Her main escape is her father, with whom her only contact since he left nine years ago is that he sends her an annual birthday card. Those cards become her escape, the blank slate onto which she can project all the exotic thrills and fun her tangible life lacks.

James lives with his father, a sort of jovial idiot who has no idea what to do with his silent son. James gets along with the rest of the world, his father included, by nodding a lot.

His attraction to Alyssa – this is the premise, not a spoiler – is that she might be a good person to kill.

As comic fodder, it just keeps getting better, right?

So he starts hanging around with her, and when she suggests they take his father’s car and run away, he nods.

At first, they have no idea what to do or where to go, except they want to liberate themselves from this awful town and its dull wooden people.

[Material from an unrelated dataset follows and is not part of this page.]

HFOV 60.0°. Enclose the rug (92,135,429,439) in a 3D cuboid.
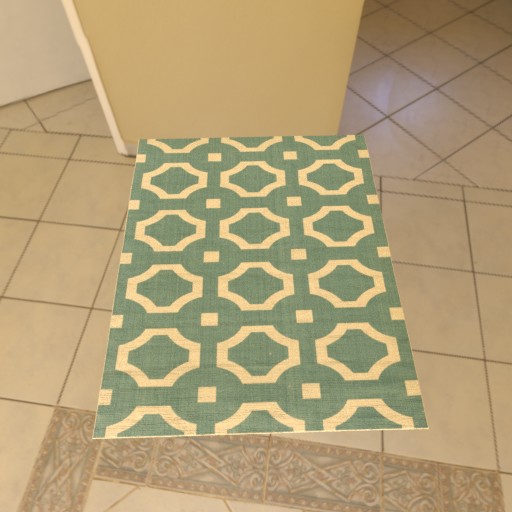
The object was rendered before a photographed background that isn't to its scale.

This turns them into a teeny-tiny version of Bonnie and Clyde, and we know from the original Bonnie and Clyde that things can and will escalate.

As they do, Alyssa makes the decision we’d expected all along. She’s going to find Daddy. James nods. Of course.

By this point, The End of The F***ing World could go in a hundred directions, most of them sideways, and if you like your comedy dark, or black, you’ll want to stay for the ride.

Episodes run in the 18- to 22-minute range, and they go by fast, always a good sign. Our two main characters are way too lost to bring it all back home in any easy or timely fashion, but we like them enough that we just hope whatever they find won’t all seem too cruel.